Василий Андреевич утвердительно кивнул, и они побрели. Через несколько верст показалась железная дорога.

Поезд медленно тянулся по степи. То ли он был старый, то ли машинист жалел всех, кто на ходу пытался залезть в небольшой переполненный состав. Штабс-капитан с товарищами бегом нагнали хвост поезда. В вагоне было тесно, пахло салом, кислой капустой. Мартюшев протиснулся поглубже, махнул рукой остальным:

– Тута местечко предлагают, идемте.

В бывшем купейном вагоне со сломанными дверцами в проходе сидели мешочники, мужики и бабы, шелестел украинский говор. В купе, куда Мартюшев позвал, всё было забито, но черноволосый парубок в меховом жилете поверх атласной косоворотки и новеньких сапогах гармошкой с улыбкой пригласил к себе:

– Митьша, геть со шконки, дай шановним панам разместиться. Ласкаво просимо до нас!

Маленький, тусклый, с узким лицом, Митьша уполз куда-то под самый потолок вагона, остальные уплотнились, подвинулись, освобождая место для вновь прибывших.

– Вашбродь, сидайте, я тута на полу…

Василий Андреевич сел на лавку, рядом примостился прапорщик.

– Спасибо, господа. А куда этот поезд направляется?

– «Господа», – усмехнулся парубок. – Уважают нас, парни. Поезд на Киев идет, куда еще? Москали?

– Подданные Российской империи.

– А есть такая еще? – засмеялся чернявый.

Оборин пожал плечами. Штабс-капитан нутром почуял нехорошее, сжалось что-то в груди, как всегда, когда потом страх подтверждался или кто-то умирал.

– Ну что, подданные, гляжу, офицеры? А ну, вынимай, чего есть, из карманов. И ты, служивый, сидор развязывай, а это мы в сторонку поставим. Только тиха! – Кто-то сверху утянул у Мартюшева винтовку, а на Василия Андреевича и Оборина с нескольких сторон уже глядели стволы револьверов. Чернявый хлопец приветливо улыбался, тоже держа револьвер у колена.

Штабс-капитан вздохнул, осторожно вынул из кобуры наган, положил на столик. То же самое проделал прапорщик.

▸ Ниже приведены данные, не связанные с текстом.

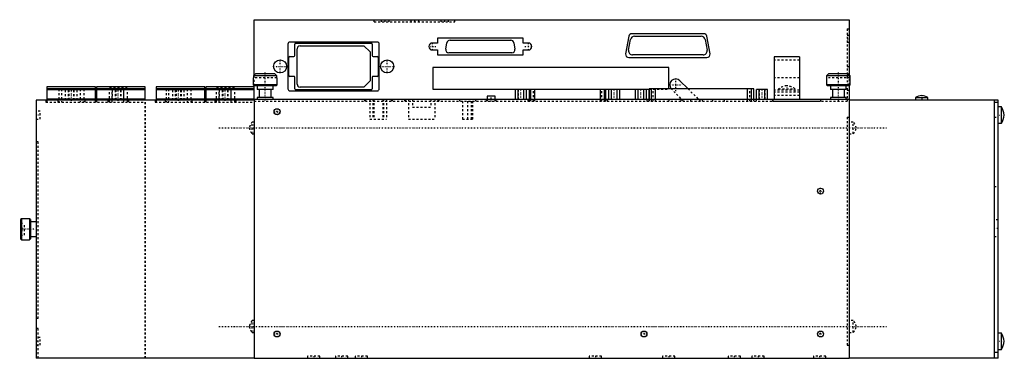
# Model space of a CAD drawing. Extents: x -119 to 377, y -131 to 40.
import ezdxf

# ---------------------------------------------------------------- set-up
doc = ezdxf.new("R2010")
doc.units = 0
doc.linetypes.add('CENTER', pattern=[1.5, 0.45, -0.5, 0.05, -0.5])
doc.linetypes.add('DASHED', pattern=[2, 1, -1])
for name, color, linetype in [('AM_0', 7, 'CONTINUOUS'), ('AM_3', 7, 'DASHED'), ('AM_7', 7, 'CENTER')]:
    doc.layers.add(name, color=color, linetype=linetype)

msp = doc.modelspace()

# ---------------------------------------------------------------- linework, layer by layer
at = {"layer": 'AM_0', "color": 7, "linetype": 'CONTINUOUS'}
for p, q in [((-1, 40), (299, 40)), ((-1, 12.23), (-1, 40)), ((299, 40), (299, 12.23)), ((134.54, 30.7), (91.45, 30.7)), ((91.45, 30.7), (91.45, 28.3)), ((134.54, 28.3), (134.54, 30.7)), ((187.79, 31.68), (186.24, 22.88)), ((187.75, 24.63), (188.71, 30.07)), ((225.66, 33), (189.36, 33)), ((190.68, 31.72), (224.34, 31.72)), ((226.31, 30.07), (227.27, 24.63)), ((228.78, 22.88), (227.23, 31.68)), ((16, 27.8), (16, 5.2)), ((61, 28.8), (17, 28.8)), ((19.5, 22), (19.5, 27.8)), ((20, 28.3), (58, 28.3)), ((20.6, 7.6), (20.6, 25.4)), ((22.1, 26.9), (54.3, 26.9)), ((54.3, 26.9), (57.4, 23.8)), ((58.5, 27.8), (58.5, 22)), ((62, 5.2), (62, 27.8)), ((91.45, 28.3), (88.78, 28.3)), ((95.58, 25.23), (96.15, 28.43)), ((97.72, 29.75), (128.28, 29.75)), ((129.85, 28.43), (130.42, 25.23)), ((137.22, 28.3), (134.54, 28.3)), ((16.5, 12), (16.5, 21)), ((17, 21.5), (19, 21.5)), ((57.4, 23.8), (57.4, 9.2)), ((59, 21.5), (61, 21.5)), ((61.5, 21), (61.5, 12)), ((88.78, 24.8), (91.45, 24.8)), ((91.45, 24.8), (91.45, 22.4)), ((91.45, 22.4), (134.54, 22.4)), ((128.84, 23.35), (97.16, 23.35)), ((134.54, 22.4), (134.54, 24.8)), ((134.54, 24.8), (137.22, 24.8)), ((187.81, 21), (227.21, 21)), ((225.3, 22.28), (189.72, 22.28)), ((273.85, 21.4), (261.15, 21.4)), ((261.15, 21.4), (261.15, 0)), ((273.85, 21.4), (273.85, 0)), ((208, 16), (89, 16)), ((89, 16), (89, 5)), ((208, 5.2), (208, 16)), ((-1.5, 10.8), (-1.5, 7.3)), ((-1.43, 10.8), (-1.5, 10.8)), ((-0.42, 12.8), (-1.43, 11.8)), ((10.43, 11.8), (-1.43, 11.8)), ((-1.43, 11.8), (-1.43, 10.8)), ((9.42, 12.8), (-0.42, 12.8)), ((10.43, 11.8), (9.42, 12.8)), ((10.43, 10.8), (10.43, 11.8)), ((10.5, 10.8), (10.43, 10.8)), ((10.5, 7.3), (10.5, 10.8)), ((19, 11.5), (17, 11.5)), ((19.5, 5.2), (19.5, 11)), ((58.5, 11), (58.5, 5.2)), ((61, 11.5), (59, 11.5)), ((287.5, 10.8), (287.5, 7.3)), ((287.57, 10.8), (287.5, 10.8)), ((287.57, 11.8), (288.58, 12.8)), ((299.43, 11.8), (287.57, 11.8)), ((287.57, 11.8), (287.57, 10.8)), ((298.42, 12.8), (288.58, 12.8)), ((299.43, 11.8), (298.42, 12.8)), ((299.43, 10.8), (299.43, 11.8)), ((299.5, 10.8), (299.43, 10.8)), ((299.5, 7.3), (299.5, 10.8)), ((-105.5, 6.2), (-105.5, -0.5)), ((-81, 6.2), (-105.5, 6.2)), ((-81, 5.2), (-105.5, 5.2)), ((-81, -0.5), (-81, 6.2)), ((-80.5, 6.2), (-80.5, -0.5)), ((-56, 6.2), (-80.5, 6.2)), ((-56, 5.2), (-80.5, 5.2)), ((-56, -0.5), (-56, 6.2)), ((-50.5, 6.2), (-50.5, -0.5)), ((-26, 6.2), (-50.5, 6.2)), ((-26, 5.2), (-50.5, 5.2)), ((-26, -0.5), (-26, 6.2)), ((-25.5, 6.2), (-25.5, -0.5)), ((-1, 6.2), (-25.5, 6.2)), ((-1, 5.2), (-25.5, 5.2)), ((-1.5, 7.3), (-1, 6.8)), ((10.5, 7.3), (-1.5, 7.3)), ((-1, 6.2), (-1, 6.8)), ((10, 6.8), (-1, 6.8)), ((-1, 0), (-1, 6.2)), ((0.5, 6.8), (0.5, 4.8)), ((8.5, 4.8), (8.5, 6.8)), ((10, 6.8), (10.5, 7.3)), ((54.3, 6.1), (22.1, 6.1)), ((57.4, 9.2), (54.3, 6.1)), ((89, 5), (198.13, 5)), ((198.13, 5.2), (198.13, 0)), ((250.87, 5.2), (198.13, 5.2)), ((198.16, 0), (198.16, 5.2)), ((199.34, 0), (199.34, 5.2)), ((201.31, 0), (201.31, 5.2)), ((213.62, 9.32), (217.74, 5.2)), ((247.69, 0), (247.69, 5.2)), ((249.66, 0), (249.66, 5.2)), ((250.84, 0), (250.84, 5.2)), ((250.87, 0), (250.87, 5.2)), ((287.5, 7.3), (288, 6.8)), ((299.5, 7.3), (287.5, 7.3)), ((299, 6.8), (288, 6.8)), ((289.5, 6.8), (289.5, 4.8)), ((297.5, 4.8), (297.5, 6.8)), ((299, 6.8), (299.5, 7.3)), ((299, 6.8), (299, -130.5)), ((-81, 4.7), (-105.5, 4.7)), ((-56, 4.7), (-80.5, 4.7)), ((-26, 4.7), (-50.5, 4.7)), ((-1, 4.7), (-25.5, 4.7)), ((-1, 0), (299, 0)), ((-1, 0), (-1, -130.5)), ((8.5, 4.8), (0.5, 4.8)), ((0.5, 0.8), (0.5, 0)), ((8.5, 0.8), (0.5, 0.8)), ((1.5, 4.8), (1.5, 0.8)), ((7.5, 0.8), (7.5, 4.8)), ((8.5, 0), (8.5, 0.8)), ((17, 4.2), (61, 4.2)), ((58, 4.7), (20, 4.7)), ((116.5, 1.5), (116.5, 0)), ((120.5, 1.5), (116.5, 1.5)), ((120.5, 0), (120.5, 1.5)), ((136.25, 4.8), (130.71, 4.8)), ((130.71, 0), (130.71, 4.8)), ((132.09, 0), (132.09, 4.8)), ((134.87, 0), (134.87, 4.8)), ((136.25, 0), (136.25, 4.8)), ((137.78, 4.8), (137.78, 0)), ((176.22, 4.8), (137.78, 4.8)), ((137.81, 0), (137.81, 4.8)), ((138.5, 0), (138.5, 4.8)), ((140.47, 0), (140.47, 4.8)), ((173.53, 0), (173.53, 4.8)), ((175.5, 0), (175.5, 4.8)), ((176.19, 0), (176.19, 4.8)), ((176.22, 0), (176.22, 4.8)), ((183.29, 4.8), (177.75, 4.8)), ((177.75, 0), (177.75, 4.8)), ((179.13, 0), (179.13, 4.8)), ((181.91, 0), (181.91, 4.8)), ((183.29, 0), (183.29, 4.8)), ((196.72, 4.8), (191.17, 4.8)), ((191.17, 0), (191.17, 4.8)), ((192.56, 0), (192.56, 4.8)), ((195.33, 0), (195.33, 4.8)), ((196.72, 0), (196.72, 4.8)), ((257.8, 4.8), (252.25, 4.8)), ((252.25, 0), (252.25, 4.8)), ((253.64, 0), (253.64, 4.8)), ((256.41, 0), (256.41, 4.8)), ((257.8, 0), (257.8, 4.8)), ((260.3, 0), (260.3, -1)), ((260.4, 0), (260.4, -1)), ((284.4, 0), (284.4, -1)), ((284.5, 0), (284.5, -1)), ((297.5, 4.8), (289.5, 4.8)), ((289.5, 0.8), (289.5, 0)), ((297.5, 0.8), (289.5, 0.8)), ((290.5, 4.8), (290.5, 0.8)), ((296.5, 0.8), (296.5, 4.8)), ((297.5, 0), (297.5, 0.8)), ((332.35, 0.8), (332.35, -0.5)), ((332.35, 0.8), (338.65, 0.8)), ((338.65, -0.5), (338.65, 0.8)), ((-111, -0.5), (-111, -130.5)), ((-1, -0.5), (-111, -0.5)), ((-81, 0), (-105.5, 0)), ((-56, 0), (-80.5, 0)), ((-26, 0), (-50.5, 0)), ((-1, 0), (-25.5, 0)), ((260.3, -1), (284.5, -1)), ((374, -0.5), (299, -0.5)), ((372, -0.5), (372, -130.5)), ((372, -1.5), (374, -1.5)), ((374, -130.5), (374, -0.5)), ((375.7, -3.85), (374, -3.85)), ((375.7, -12.15), (375.7, -3.85)), ((374, -12.15), (375.7, -12.15)), ((-118.37, -60.2), (-118.87, -60.7)), ((-118.87, -60.7), (-118.87, -70.3)), ((-114.37, -60.2), (-118.37, -60.2)), ((-118.37, -60.2), (-118.37, -70.8)), ((-113.87, -60.7), (-114.37, -60.2)), ((-114.37, -60.2), (-114.37, -70.8)), ((-113.87, -60.7), (-113.87, -70.3)), ((-111, -61.75), (-113.87, -61.75)), ((-113.87, -69.25), (-111, -69.25)), ((-118.87, -70.3), (-118.37, -70.8)), ((-118.37, -70.8), (-114.37, -70.8)), ((-114.37, -70.8), (-113.87, -70.3)), ((375.7, -117.85), (374, -117.85)), ((375.7, -126.15), (375.7, -117.85)), ((372, -127.5), (374, -127.5)), ((374, -126.15), (375.7, -126.15)), ((-1, -130.5), (-111, -130.5)), ((-1, -130.5), (299, -130.5)), ((374, -130.5), (299, -130.5))]:
    msp.add_line(p, q, dxfattribs=at)
for centre, radius in [((12, 16.5), 3.3), ((66, 16.5), 3.3), ((10.5, -6.3), 1.5), ((284.5, -46.3), 1.5), ((10.5, -118.3), 1.5), ((195.5, -118.3), 1.5), ((284.5, -118.3), 1.5)]:
    msp.add_circle(centre, radius, dxfattribs=at)
for centre, radius, start, end in [((189.36, 31.4), 1.6, 90, 170), ((190.68, 29.72), 2, 90, 170), ((224.34, 29.72), 2, 10, 90), ((225.66, 31.4), 1.6, 10, 90), ((17, 27.8), 1, 90, 180), ((20, 27.8), 0.5, 90, 180), ((22.1, 25.4), 1.5, 90, 180), ((58, 27.8), 0.5, 0, 90), ((61, 27.8), 1, 0, 90), ((88.78, 26.55), 1.75, 90, 270), ((97.16, 24.95), 1.6, 170, 270), ((97.72, 28.15), 1.6, 90, 170), ((128.28, 28.15), 1.6, 10, 90), ((128.84, 24.95), 1.6, 270, 10), ((137.22, 26.55), 1.75, 270, 90), ((17, 21), 0.5, 90, 180), ((19, 22), 0.5, 270, 0), ((59, 22), 0.5, 180, 270), ((61, 21), 0.5, 0, 90), ((187.81, 22.6), 1.6, 170, 270), ((189.72, 24.28), 2, 170, 270), ((225.3, 24.28), 2, 270, 10), ((227.21, 22.6), 1.6, 270, 10), ((17, 12), 0.5, 180, 270), ((19, 11), 0.5, 0, 90), ((59, 11), 0.5, 90, 180), ((61, 12), 0.5, 270, 0), ((211.5, 7.2), 3, 45, 221.8103), ((17, 5.2), 1, 180, 270), ((20, 5.2), 0.5, 180, 270), ((22.1, 7.6), 1.5, 180, 270), ((58, 5.2), 0.5, 270, 0), ((61, 5.2), 1, 270, 0), ((335.67, -4.2), 6, 91.6261, 123.599), ((335.33, -4.2), 6, 56.401, 88.3739), ((367.04, -8.84), 10, 4.8345, 29.9522), ((367.04, -7.16), 10, 330.0478, 355.1655), ((367.04, -122.84), 10, 4.8345, 29.9522), ((367.04, -121.16), 10, 330.0478, 355.1655)]:
    msp.add_arc(centre, radius, start, end, dxfattribs=at)
at = {"layer": 'AM_3', "color": 6, "linetype": 'DASHED'}
for p, q in [((59.5, 39), (59.5, 40)), ((63, 40), (63, 39)), ((67, 39), (67, 40)), ((78, 40), (78, 39)), ((82, 39), (82, 40)), ((93, 40), (93, 39)), ((97, 39), (97, 40)), ((100.1, 39), (100.1, 40)), ((59.5, 39), (100.1, 39)), ((298, 35.5), (299, 35.5)), ((298, 35.5), (298, -1)), ((299, 32.15), (298, 32.15)), ((298, 28.65), (299, 28.65)), ((273.85, 19.6), (261.15, 19.6)), ((298, 16.5), (299, 16.5)), ((10.43, 10.8), (-1.43, 10.8)), ((-1, 6.8), (-1, 12.23)), ((273.85, 10.7), (261.15, 10.7)), ((299.43, 10.8), (287.57, 10.8)), ((298, 12.5), (299, 12.5)), ((299, 10.75), (298, 10.75)), ((299, 12.23), (299, 6.8)), ((-86.92, 5), (-99.48, 5)), ((-99.48, 5), (-99.48, -1.5)), ((-98.16, 5), (-98.16, -1.5)), ((-88.8, 5), (-88.8, -1.5)), ((-86.92, 5), (-86.92, -1.5)), ((-65, 5.5), (-74.17, 5.5)), ((-74.17, 5.5), (-74.17, -1.5)), ((-74.14, 5.5), (-74.14, -1.5)), ((-72.85, 5.5), (-72.85, -1.5)), ((-72.82, 5.5), (-72.82, -1.5)), ((-66.91, 5.5), (-66.91, -1.5)), ((-66.88, 5.5), (-66.88, -1.5)), ((-65.03, 5.5), (-65.03, -1.5)), ((-65, 5.5), (-65, -1.5)), ((-32.92, 5), (-45.48, 5)), ((-45.48, 5), (-45.48, -1.5)), ((-44.16, 5), (-44.16, -1.5)), ((-34.8, 5), (-34.8, -1.5)), ((-32.92, 5), (-32.92, -1.5)), ((-11, 5.5), (-20.14, 5.5)), ((-20.14, 5.5), (-20.14, -1.5)), ((-18.82, 5.5), (-18.82, -1.5)), ((-12.88, 5.5), (-12.88, -1.5)), ((-11, 5.5), (-11, -1.5)), ((198.13, 5), (208, 5)), ((200.13, -1), (200.13, 5.2)), ((208, 5), (208, 5.2)), ((215.46, -1), (209.38, 5.08)), ((217.74, 5.2), (223.94, -1)), ((248.87, -1), (248.87, 5.2)), ((263.35, 5.3), (263.35, 3.6)), ((263.35, 5.3), (271.65, 5.3)), ((271.65, 3.6), (271.65, 5.3)), ((298, 7.5), (299, 7.5)), ((298, 7.25), (299, 7.25)), ((-96.09, -0.5), (-96.09, 4.7)), ((-94.64, -0.5), (-94.64, 4.7)), ((-94.45, 4.7), (-94.45, -0.5)), ((-91.95, -0.5), (-91.95, 4.7)), ((-91.76, -0.5), (-91.76, 4.7)), ((-90.31, -0.5), (-90.31, 4.7)), ((-72.49, -0.5), (-72.49, 4.7)), ((-71.04, -0.5), (-71.04, 4.7)), ((-70.85, 4.7), (-70.85, -0.5)), ((-68.35, -0.5), (-68.35, 4.7)), ((-68.16, -0.5), (-68.16, 4.7)), ((-66.71, -0.5), (-66.71, 4.7)), ((-42.09, -0.5), (-42.09, 4.7)), ((-40.64, -0.5), (-40.64, 4.7)), ((-40.45, 4.7), (-40.45, -0.5)), ((-37.95, -0.5), (-37.95, 4.7)), ((-37.76, -0.5), (-37.76, 4.7)), ((-36.31, -0.5), (-36.31, 4.7)), ((-18.49, -0.5), (-18.49, 4.7)), ((-17.04, -0.5), (-17.04, 4.7)), ((-16.85, 4.7), (-16.85, -0.5)), ((-14.35, -0.5), (-14.35, 4.7)), ((-14.16, -0.5), (-14.16, 4.7)), ((-12.71, -0.5), (-12.71, 4.7)), ((54.5, 0), (54.5, -1)), ((55, 0), (55, -1)), ((57.25, 0), (57.25, -10)), ((58.85, 0), (58.85, -10)), ((59.25, 0), (59.25, -10)), ((63.75, 0), (63.75, -10)), ((64.15, 0), (64.15, -10)), ((65.75, 0), (65.75, -10)), ((68, 0), (68, -1)), ((68.5, 0), (68.5, -1)), ((74.8, 0), (74.8, -1)), ((75.27, 0), (75.27, -1)), ((76.77, 0), (76.77, -10)), ((78.77, 0), (78.77, -4)), ((88.03, 0), (88.03, -4)), ((90.03, 0), (90.03, -10)), ((91.53, 0), (91.53, -1)), ((92, 0), (92, -1)), ((102.45, 0), (102.45, -1)), ((110.55, 0), (110.55, -1)), ((115.97, 0), (115.97, -1)), ((120.5, -1), (120.5, 0)), ((121.03, -1), (121.03, 0)), ((131.98, 4.8), (131.98, 0)), ((134.98, 0), (134.98, 4.8)), ((137, 0), (137, -1)), ((137.78, 0), (137.78, -1)), ((137.81, -1), (137.81, 0)), ((138.5, -1), (138.5, 0)), ((139.78, -1), (139.78, 4.8)), ((140.47, -1), (140.47, 0)), ((173.53, -1), (173.53, 0)), ((174.22, -1), (174.22, 4.8)), ((175.5, -1), (175.5, 0)), ((176.19, -1), (176.19, 0)), ((176.22, -1), (176.22, 0)), ((177, 0), (177, -1)), ((179.02, 4.8), (179.02, 0)), ((182.02, 0), (182.02, 4.8)), ((192.44, 4.8), (192.44, 0)), ((195.44, 0), (195.44, 4.8)), ((197, 0), (197, -1)), ((198.13, 0), (198.13, -1)), ((198.16, -1), (198.16, 0)), ((199.34, -1), (199.34, 0)), ((201.31, -1), (201.31, 0)), ((208, 0), (208, -1)), ((214, 0), (214, -1)), ((219, 0), (219, -1)), ((225, -1), (225, 0)), ((230, 0), (230, -1)), ((236, -1), (236, 0)), ((247.69, -1), (247.69, 0)), ((249.66, -1), (249.66, 0)), ((250.84, -1), (250.84, 0)), ((250.87, -1), (250.87, 0)), ((252, 0), (252, -1)), ((253.53, 4.8), (253.53, 0)), ((256.52, 0), (256.52, 4.8)), ((273.85, 4.6), (261.15, 4.6)), ((273.85, 3.6), (261.15, 3.6)), ((273.85, 1.8), (261.15, 1.8)), ((298, 4.5), (299, 4.5)), ((-106, -0.5), (-106, -1.5)), ((-106, -1.5), (-56, -1.5)), ((-105.5, -0.5), (-105.5, -1.5)), ((-99.95, -0.5), (-99.95, -1.5)), ((-86.45, -0.5), (-86.45, -1.5)), ((-81, -1.5), (-81, -0.5)), ((-80.5, -0.5), (-80.5, -1.5)), ((-74.85, -0.5), (-74.85, -1.5)), ((-64.35, -0.5), (-64.35, -1.5)), ((-56, -130.5), (-56, -0.5)), ((-55.9, -130.5), (-55.9, -0.5)), ((-51, -0.5), (-51, -1.5)), ((-51, -1.5), (-1, -1.5)), ((-50.5, -0.5), (-50.5, -1.5)), ((-45.95, -0.5), (-45.95, -1.5)), ((-32.45, -0.5), (-32.45, -1.5)), ((-26, -1.5), (-26, -0.5)), ((-25.5, -0.5), (-25.5, -1.5)), ((-20.85, -0.5), (-20.85, -1.5)), ((-10.35, -0.5), (-10.35, -1.5)), ((-1, -1), (298, -1)), ((78.77, -4), (88.03, -4)), ((103.95, -1), (103.95, -10)), ((106.5, -1), (106.5, -10)), ((108.3, -1), (108.3, -10)), ((109.05, -1), (109.05, -10)), ((116.5, 0), (116.5, -1)), ((374, -127.5), (374, -1.5)), ((-109, -6), (-111, -6)), ((-109, -10), (-109, -6)), ((298, -9), (299, -9)), ((298, -9), (298, -124)), ((372, -9), (374, -9)), ((-111, -10), (-109, -10)), ((-1, -11.5), (-2, -11.5)), ((-2, -17.5), (-2, -11.5)), ((-1, -17.5), (-1, -11.5)), ((57.25, -10), (65.75, -10)), ((76.77, -10), (90.03, -10)), ((103.95, -10), (109.05, -10)), ((301, -11.5), (299, -11.5)), ((299, -11.5), (299, -17.5)), ((301, -17.5), (301, -11.5)), ((-2, -17.5), (-1, -17.5)), ((299, -17.5), (301, -17.5)), ((-110, -21.5), (-111, -21.5)), ((-110, -110.5), (-110, -21.5)), ((372, -44), (374, -44)), ((-118.87, -62.5), (-116.87, -62.5)), ((-116.87, -68.5), (-116.87, -62.5)), ((374, -60.75), (372, -60.75)), ((-118.87, -64.9), (-116.87, -64.9)), ((-118.87, -66.1), (-116.87, -66.1)), ((-118.87, -68.5), (-116.87, -68.5)), ((372, -69.25), (374, -69.25)), ((-110, -110.5), (-111, -110.5)), ((-1, -111.5), (-2, -111.5)), ((-2, -117.5), (-2, -111.5)), ((-1, -117.5), (-1, -111.5)), ((301, -111.5), (299, -111.5)), ((299, -111.5), (299, -117.5)), ((301, -117.5), (301, -111.5)), ((-110, -115.5), (-111, -115.5)), ((-110, -130.5), (-110, -115.5)), ((-2, -117.5), (-1, -117.5)), ((299, -117.5), (301, -117.5)), ((-109, -120), (-111, -120)), ((-111, -124), (-109, -124)), ((-109, -124), (-109, -120)), ((298, -124), (299, -124)), ((25.88, -129.5), (25.88, -130.5)), ((32.12, -129.5), (25.88, -129.5)), ((32.12, -130.5), (32.12, -129.5)), ((39.88, -129.5), (39.88, -130.5)), ((46.12, -129.5), (39.88, -129.5)), ((46.12, -130.5), (46.12, -129.5)), ((49.88, -129.5), (49.88, -130.5)), ((56.12, -129.5), (49.88, -129.5)), ((56.12, -130.5), (56.12, -129.5)), ((167.88, -129.5), (167.88, -130.5)), ((174.12, -129.5), (167.88, -129.5)), ((174.12, -130.5), (174.12, -129.5)), ((204.88, -129.5), (204.88, -130.5)), ((211.12, -129.5), (204.88, -129.5)), ((211.12, -130.5), (211.12, -129.5)), ((237.88, -129.5), (237.88, -130.5)), ((244.12, -129.5), (237.88, -129.5)), ((244.12, -130.5), (244.12, -129.5)), ((249.88, -129.5), (249.88, -130.5)), ((256.12, -129.5), (249.88, -129.5)), ((256.12, -130.5), (256.12, -129.5)), ((280.88, -129.5), (280.88, -130.5)), ((287.12, -129.5), (280.88, -129.5)), ((287.12, -130.5), (287.12, -129.5))]:
    msp.add_line(p, q, dxfattribs=at)
for centre, radius, start, end in [((211.5, 7.2), 3, 221.8103, 225), ((268.74, -3.12), 10, 97.1257, 122.6187), ((266.26, -3.12), 10, 57.3813, 82.8743), ((2.4, -15.58), 6, 137.2041, 169.6658), ((2.4, -13.42), 6, 190.3342, 222.7959), ((296.6, -15.58), 6, 10.3342, 42.7959), ((296.6, -13.42), 6, 317.2041, 349.6658), ((2.4, -115.58), 6, 137.2041, 169.6658), ((296.6, -115.58), 6, 10.3342, 42.7959), ((2.4, -113.42), 6, 190.3342, 222.7959), ((296.6, -113.42), 6, 317.2041, 349.6658)]:
    msp.add_arc(centre, radius, start, end, dxfattribs=at)
at = {"layer": 'AM_7', "color": 4, "linetype": 'CENTER'}
for p, q in [((65, 38.95), (65, 40.05)), ((80, 38.95), (80, 40.05)), ((95, 38.95), (95, 40.05)), ((297.95, 30.4), (299.05, 30.4)), ((86.94, 26.55), (90.61, 26.55)), ((88.78, 24.71), (88.78, 28.39)), ((135.39, 26.55), (139.06, 26.55)), ((137.22, 24.71), (137.22, 28.39)), ((12, 13.04), (12, 19.96)), ((66, 13.04), (66, 19.96)), ((8.54, 16.5), (15.46, 16.5)), ((62.53, 16.5), (69.47, 16.5)), ((4.5, -0.64), (4.5, 13.44)), ((211.5, 4.05), (211.5, 10.35)), ((293.5, -0.64), (293.5, 13.44)), ((133.48, -0.24), (133.48, 5.04)), ((180.52, -0.24), (180.52, 5.04)), ((193.94, -0.24), (193.94, 5.04)), ((208.35, 7.2), (214.65, 7.2)), ((255.03, -0.24), (255.03, 5.04)), ((267.5, 6.96), (267.5, 3.44)), ((297.95, 9), (299.05, 9)), ((-93.2, -0.76), (-93.2, 4.96)), ((-69.6, -0.76), (-69.6, 4.96)), ((-39.2, -0.76), (-39.2, 4.96)), ((-15.6, -0.76), (-15.6, 4.96)), ((118.5, -1.12), (118.5, 1.63)), ((222, 0.05), (222, -1.05)), ((335.5, 1.92), (335.5, -0.61)), ((10.5, -7.88), (10.5, -4.72)), ((-108.9, -8), (-111.1, -8)), ((8.93, -6.3), (12.07, -6.3)), ((373.85, -8), (377.15, -8)), ((-18.8, -14.5), (317.8, -14.5)), ((282.93, -46.3), (286.07, -46.3)), ((284.5, -47.88), (284.5, -44.72)), ((-110.61, -65.5), (-119.26, -65.5)), ((371.9, -65), (374.1, -65)), ((-18.8, -114.5), (317.8, -114.5)), ((8.93, -118.3), (12.07, -118.3)), ((10.5, -119.88), (10.5, -116.72)), ((193.93, -118.3), (197.07, -118.3)), ((195.5, -119.88), (195.5, -116.72)), ((282.93, -118.3), (286.07, -118.3)), ((284.5, -119.88), (284.5, -116.72)), ((-108.9, -122), (-111.1, -122)), ((373.85, -122), (377.15, -122)), ((29, -129.45), (29, -130.55)), ((43, -129.45), (43, -130.55)), ((53, -129.45), (53, -130.55)), ((171, -129.45), (171, -130.55)), ((208, -129.45), (208, -130.55)), ((241, -129.45), (241, -130.55)), ((253, -129.45), (253, -130.55)), ((284, -129.45), (284, -130.55))]:
    msp.add_line(p, q, dxfattribs=at)

doc.saveas('drawing.dxf')

– Карманы выворачивай, панове!

На стол легли три рубля серебром с мелочью, погоны, снятые с шинели на всякий случай, полбуханки хлеба из мешка Мартюшева, портсигар трофейный серебряный, которого Василию Андреевичу было жаль, всю войну прошел с ним, да и в заначке там оставались еще четырнадцать хороших папирос, бронзовая иконка прапорщика да «Станислав» с мечами.

Бандиты недоуменно осмотрели добычу. Щуплый вертлявый Митьша схватил орден, попробовал его на зуб.

– Золотой?

– Положь, такие с сабельками крест-накрест нынче золотыми не льют, много золота уйдет, – остановил его чернявый хлопец. – С фронта, что ль?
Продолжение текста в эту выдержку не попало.